• **Work instructions**
Keep only the lines of the data below that contain "whichever", and copy them.

BEGIN Study material

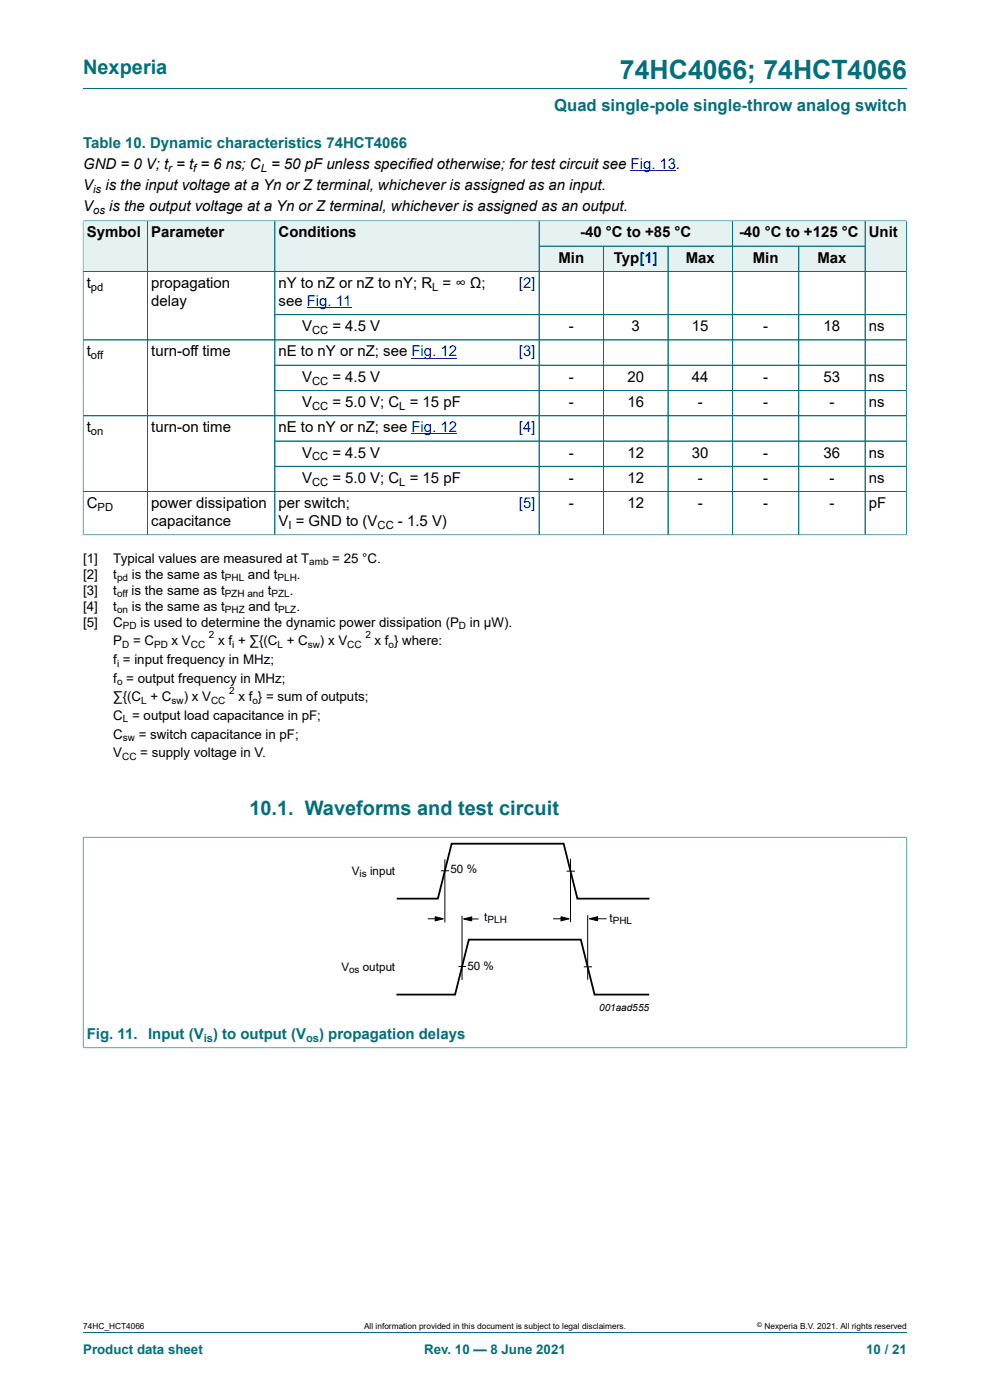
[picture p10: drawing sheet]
<svg xmlns="http://www.w3.org/2000/svg" width="210mm" height="297mm" viewBox="0 0 210 297" stroke-linecap="round" stroke-linejoin="round" font-family="sans-serif">
<defs><g id="words">
<text font-size="5.6" fill="#036f7b" x="131.5" y="16.8">74HC4066; 74HCT4066</text>
<g font-size="4.2" fill="#036f7b">
<text x="17.6" y="15.6">Nexperia</text>
<text x="52.9" y="173">10.1. Waveforms and test circuit</text>
</g>
<text font-size="3.5" fill="#036f7b" x="117.6" y="23.7">Quad single-pole single-throw analog switch</text>
<g font-size="3.2" fill="#036f7b">
<text x="17.6" y="31.3">Table 10. Dynamic characteristics 74HCT4066</text>
<text x="18.4" y="220.4">Fig. 11.</text>
<text x="31.4" y="220.4">Input (V ) to output (V</text>
<text x="67.7" y="220.4">) propagation delays</text>
</g>
<g font-size="3.2">
<text x="17.6" y="35.8">GND = 0 V; t = t = 6 ns; C = 50 pF unless specified otherwise; for test circuit see Fig. 13.</text>
<text x="17.6" y="40.3">V</text>
<text x="22.4" y="40.3">is the input voltage at a Yn or Z terminal, whichever is assigned as an input.</text>
<text x="17.6" y="44.7">V</text>
<text x="23.1" y="44.7">is the output voltage at a Yn or Z terminal, whichever is assigned as an output.</text>
<text x="18.4" y="50.4">Symbol</text>
<text x="32.1" y="50.4">Parameter</text>
<text x="59.1" y="50.4">Conditions</text>
<text x="123.1" y="50.4">-40 °C to +85 °C</text>
<text x="156.8" y="50.4">-40 °C to +125 °C</text>
<text x="184.3" y="50.4">Unit</text>
<text x="118.5" y="55.7">Min</text>
<text x="130.2" y="55.7">Typ[1]</text>
<text x="145.5" y="55.7">Max</text>
<text x="159.7" y="55.7">Min</text>
<text x="173.4" y="55.7">Max</text>
<text x="18.4" y="61.1">t</text>
<text x="32.1" y="61.1">propagation</text>
<text x="32.1" y="64.9">delay</text>
<text x="59.1" y="61.1">nY to nZ or nZ to nY; R = ∞ Ω;</text>
<text x="59.1" y="64.9">see Fig. 11</text>
<text x="64.1" y="70.3">V</text>
<text x="70.5" y="70.3">= 4.5 V</text>
<text x="120.7" y="70.3">-</text>
<text x="134" y="70.3">3</text>
<text x="146.8" y="70.3">15</text>
<text x="161.9" y="70.3">-</text>
<text x="174.7" y="70.3">18</text>
<text x="184.3" y="70.3">ns</text>
<text x="18.4" y="75.6">t</text>
<text x="32.1" y="75.6">turn-off time</text>
<text x="59.1" y="75.6">nE to nY or nZ; see Fig. 12</text>
<text x="64.1" y="81">V</text>
<text x="70.5" y="81">= 4.5 V</text>
<text x="120.7" y="81">-</text>
<text x="133.1" y="81">20</text>
<text x="146.8" y="81">44</text>
<text x="161.9" y="81">-</text>
<text x="174.7" y="81">53</text>
<text x="184.3" y="81">ns</text>
<text x="64.1" y="86.3">V</text>
<text x="70.5" y="86.3">= 5.0 V; C = 15 pF</text>
<text x="120.7" y="86.3">-</text>
<text x="133.1" y="86.3">16</text>
<text x="148" y="86.3">-</text>
<text x="161.9" y="86.3">-</text>
<text x="175.9" y="86.3">-</text>
<text x="184.3" y="86.3">ns</text>
<text x="18.4" y="91.7">t</text>
<text x="32.1" y="91.7">turn-on time</text>
<text x="59.1" y="91.7">nE to nY or nZ; see Fig. 12</text>
<text x="64.1" y="97.1">V</text>
<text x="70.5" y="97.1">= 4.5 V</text>
<text x="120.7" y="97.1">-</text>
<text x="133.1" y="97.1">12</text>
<text x="146.8" y="97.1">30</text>
<text x="161.9" y="97.1">-</text>
<text x="174.7" y="97.1">36</text>
<text x="184.3" y="97.1">ns</text>
<text x="18.4" y="107.8">C</text>
<text x="32.1" y="107.8">power dissipation</text>
<text x="59.1" y="107.8">per switch;</text>
<text x="64.1" y="102.4">V</text>
<text x="70.5" y="102.4">= 5.0 V; C = 15 pF</text>
<text x="120.7" y="102.4">-</text>
<text x="120.7" y="107.8">-</text>
<text x="133.1" y="102.4">12</text>
<text x="133.1" y="107.8">12</text>
<text x="148" y="102.4">-</text>
<text x="148" y="107.8">-</text>
<text x="161.9" y="102.4">-</text>
<text x="161.9" y="107.8">-</text>
<text x="175.9" y="102.4">-</text>
<text x="175.9" y="107.8">-</text>
<text x="184.3" y="102.4">ns</text>
<text x="184.3" y="107.8">pF</text>
<text x="32.1" y="111.6">capacitance</text>
<text x="59.1" y="111.6">V = GND to (V</text>
<text x="84.4" y="111.6">- 1.5 V)</text>
</g>
<g font-size="3.2" fill="#00f">
<text x="110.1" y="61.1">[2]</text>
<text x="110.1" y="75.6">[3]</text>
<text x="110.1" y="91.7">[4]</text>
<text x="110.1" y="107.8">[5]</text>
</g>
<g font-size="2.8">
<text x="17.6" y="119.4">[1]</text>
<text x="24" y="119.4">Typical values are measured at T</text>
<text x="70.5" y="119.4">= 25 °C.</text>
<text x="17.6" y="122.8">[2]</text>
<text x="24" y="122.8">t</text>
<text x="28" y="122.8">is the same as t</text>
<text x="52.6" y="122.8">and t</text>
<text x="63" y="122.8">.</text>
<text x="17.6" y="126.2">[3]</text>
<text x="17.6" y="129.6">[4]</text>
<text x="24" y="126.2">t</text>
<text x="24" y="129.6">t</text>
<text x="27.9" y="126.2">is the same as t</text>
<text x="28" y="129.6">is the same as t</text>
<text x="52.7" y="129.6">and t</text>
<text x="56.8" y="126.2">t</text>
<text x="61.4" y="126.2">.</text>
<text x="62.9" y="129.6">.</text>
<text x="17.6" y="133">[5]</text>
<text x="24" y="133">C</text>
<text x="24" y="136.9">P</text>
<text x="28.2" y="136.9">= C</text>
<text x="29.8" y="133">is used to determine the dynamic power dissipation (P</text>
<text x="36.4" y="136.9">x V</text>
<text x="46.3" y="136.9">x f + ∑{(C + C</text>
<text x="67.9" y="136.9">) x V</text>
<text x="79.5" y="136.9">x f } where:</text>
<text x="99.7" y="133">in μW).</text>
<text x="24" y="140.9">f = input frequency in MHz;</text>
<text x="24" y="144.8">f = output frequency in MHz;</text>
<text x="24" y="148.8">∑{(C + C</text>
<text x="39" y="148.8">) x V</text>
<text x="50.6" y="148.8">x f } = sum of outputs;</text>
<text x="24" y="152.7">C = output load capacitance in pF;</text>
<text x="24" y="156.7">C</text>
<text x="24" y="160.6">V</text>
<text x="29.4" y="156.7">= switch capacitance in pF;</text>
<text x="29.8" y="160.6">= supply voltage in V.</text>
</g>
<g font-size="2.8" fill="#036f7b">
<text x="17.6" y="287.2">Product data sheet</text>
<text x="90" y="287.2">Rev. 10 — 8 June 2021</text>
<text x="183.7" y="287.2">10 / 21</text>
</g>
<g font-size="2.5">
<text x="74.6" y="185.6">V</text>
<text x="78.5" y="185.6">input</text>
<text x="95.6" y="185.3">50 %</text>
<text x="102.7" y="195.3">t</text>
<text x="129.3" y="195.5">t</text>
<text x="72.4" y="206">V</text>
<text x="77" y="206">output</text>
<text x="99.1" y="205.7">50 %</text>
</g>
<g font-size="2.4">
<text x="19.8" y="40.9">is</text>
<text x="35.7" y="36.4">r</text>
<text x="41" y="36.4">f</text>
<text x="55.3" y="36.4">L</text>
<text x="19.8" y="45.3">os</text>
<text x="19.3" y="61.7">pd</text>
<text x="91.7" y="61.7">L</text>
<text x="66.2" y="70.9">CC</text>
<text x="19.3" y="76.2">off</text>
<text x="66.2" y="81.6">CC</text>
<text x="66.2" y="87">CC</text>
<text x="84.7" y="87">L</text>
<text x="19.3" y="92.3">on</text>
<text x="66.2" y="97.7">CC</text>
<text x="66.2" y="103">CC</text>
<text x="84.7" y="103">L</text>
<text x="20.7" y="108.4">PD</text>
<text x="61.2" y="112.2">I</text>
<text x="80.1" y="112.2">CC</text>
</g>
<g font-size="2.4" fill="#036f7b">
<text x="43.2" y="221.1">is</text>
<text x="64.9" y="221.1">os</text>
</g>
<g font-size="2.1">
<text x="65.6" y="120">amb</text>
<text x="24.8" y="123.3">pd</text>
<text x="47.7" y="123.3">PHL</text>
<text x="58.9" y="123.3">PLH</text>
<text x="24.8" y="126.7">off</text>
<text x="24.8" y="130.1">on</text>
<text x="47.7" y="126.7">PZH and</text>
<text x="47.7" y="130.1">PHZ</text>
<text x="57.6" y="126.7">PZL</text>
<text x="59" y="130.1">PLZ</text>
<text x="25.9" y="137.5">D</text>
<text x="26.1" y="133.5">PD</text>
<text x="32.7" y="137.5">PD</text>
<text x="40.5" y="137.5">CC</text>
<text x="44.3" y="135.5">2</text>
<text x="49.3" y="137.5">i</text>
<text x="58.9" y="137.5">L</text>
<text x="65.3" y="137.5">sw</text>
<text x="73.7" y="137.5">CC</text>
<text x="77.5" y="135.5">2</text>
<text x="82.4" y="137.5">o</text>
<text x="97.4" y="133.5">D</text>
<text x="24.8" y="141.4">i</text>
<text x="24.8" y="145.4">o</text>
<text x="30" y="149.3">L</text>
<text x="36.4" y="149.3">sw</text>
<text x="44.8" y="149.3">CC</text>
<text x="48.6" y="147.3">2</text>
<text x="53.5" y="149.3">o</text>
<text x="26.1" y="153.3">L</text>
<text x="25.9" y="161.2">CC</text>
<text x="26.1" y="157.2">sw</text>
<text x="76.3" y="186">is</text>
<text x="103.4" y="195.8">PLH</text>
<text x="130" y="196">PHL</text>
<text x="74.1" y="206.5">os</text>
<text x="127.1" y="214.4">001aad555</text>
</g>
<g font-size="1.8">
<text x="17.6" y="282">74HC_HCT4066</text>
<text x="77.2" y="282">All information provided in this document is subject to legal disclaimers.</text>
<text x="162.2" y="282">Nexperia B.V. 2021. All rights reserved</text>
</g>
<text font-size="1.4" x="160.6" y="281.6">©</text>
</g></defs>
<path d="M17.6 18.8h174.8M114.4 46.9h41v5.3h-41z" fill="none" stroke="#036f7b" stroke-width=".21"/>
<path d="M133.8 36.2h9.7" fill="none" stroke="#00f" stroke-width=".21"/>
<path d="M114.4 46.9h40.9v5.3h-40.9z" fill="#e6f1f2"/>
<path d="M155.4 46.9h28.1v5.3h-28.1z" fill="none" stroke="#036f7b" stroke-width=".21"/>
<path d="M155.4 46.9h28v5.3h-28z" fill="#e6f1f2"/>
<path d="M17.6 46.8v10.8h13.7v-10.7h-13.7" fill="none" stroke="#036f7b" stroke-width=".21"/>
<path d="M17.7 46.9h13.5v10.6h-13.5z" fill="#e6f1f2"/>
<path d="M31.3 46.9h27v10.7h-27z" fill="none" stroke="#036f7b" stroke-width=".21"/>
<path d="M31.4 46.9h26.8v10.6h-26.8z" fill="#e6f1f2"/>
<path d="M58.3 46.9h56.1v10.7h-56.1z" fill="none" stroke="#036f7b" stroke-width=".21"/>
<g fill="#e6f1f2">
<path d="M58.4 46.9h55.9v10.6h-55.9z"/>
<path d="M114.4 52.3h13.6v5.2h-13.6z"/>
</g>
<path d="M114.4 52.2h13.6v5.4h-13.6z" fill="none" stroke="#036f7b" stroke-width=".21"/>
<path d="M128.1 52.3h13.5v5.2h-13.5z" fill="#e6f1f2"/>
<path d="M128 52.2h13.7v5.4h-13.7z" fill="none" stroke="#036f7b" stroke-width=".21"/>
<path d="M141.8 52.3h13.5v5.2h-13.5z" fill="#e6f1f2"/>
<path d="M141.7 52.2h13.7v5.4h-13.7z" fill="none" stroke="#036f7b" stroke-width=".21"/>
<path d="M155.4 52.3h14v5.2h-14z" fill="#e6f1f2"/>
<path d="M155.4 52.2h14v5.4h-14z" fill="none" stroke="#036f7b" stroke-width=".21"/>
<path d="M169.5 52.3h13.9v5.2h-13.9z" fill="#e6f1f2"/>
<path d="M192.3 46.8v10.8h-22.9v-5.4h14.1M192.3 46.9h-8.8v10.7" fill="none" stroke="#036f7b" stroke-width=".21"/>
<path d="M183.6 46.9h8.6v10.6h-8.6z" fill="#e6f1f2"/>
<g fill="none" stroke="#036f7b" stroke-width=".21">
<path d="M17.6 57.6h174.7M17.6 46.9v66.6M17.7 46.9h174.5M31.3 46.9v66.6M58.3 46.9v66.6M114.4 46.9v66.6M114.4 52.2h69M128 52.3v61.2M141.7 52.3v61.2M155.4 46.9v66.6M169.4 52.3v61.2M183.5 46.9v66.6"/>
<path d="M192.3 46.9v66.6M17.6 72.1h174.7M58.3 66.8h134M58.3 77.5h134M17.6 88.2h174.7M58.3 82.8h134M58.3 93.6h134M58.3 98.9h134M17.6 113.5h174.7M17.6 104.3h174.7M17.6 177.6h174.8M17.6 177.5v44.9"/>
<path d="M192.4 177.5v44.9M17.6 222.3h174.8M17.6 282.6h174.8"/>
</g>
<path d="M65.1 65.2h9.4M87.3 76h9.7M87.3 92h9.7" fill="none" stroke="#00f" stroke-width=".21"/>
<path d="M84.2 190.6h8.7l2.9-11.6h23.8l2.9 11.6h15.3M84.1 211h12.4l2.9-11.7h23.8l2.9 11.7h11.6" fill="none" stroke="#000" stroke-width=".38"/>
<g fill="none" stroke="#000" stroke-width=".21">
<path d="M90.7 194.9h2.5M92.3 194.5l1.7 .4-1.7 .4zM93.5 184.7h1.8M94.4 182.3v13.4M98 194.3v13.6M98.3 194.9l1.8-.4v.9zM99 194.9h2.5M117.3 194.9h2.7M119 194.5l1.7 .4-1.7 .4zM120.2 184.8h1.7M121 182.2v13.4M124.7 194.2v13.6"/>
<path d="M125 194.9l1.7-.4v.8zM125.7 194.9h3M97.3 205h1.6M123.8 205.1h1.8"/>
</g>
<path d="M92.3 194.5l1.7 .4-1.7 .4zM98.3 194.9l1.8-.4v.9zM119 194.5l1.7 .4-1.7 .4zM125 194.9l1.7-.4v.8z" fill="#000"/>
<use href="#words"/>
</svg>

END Study material

• **Solution**
<text x="22.4" y="40.3">is the input voltage at a Yn or Z terminal, whichever is assigned as an input.</text>
<text x="23.1" y="44.7">is the output voltage at a Yn or Z terminal, whichever is assigned as an output.</text>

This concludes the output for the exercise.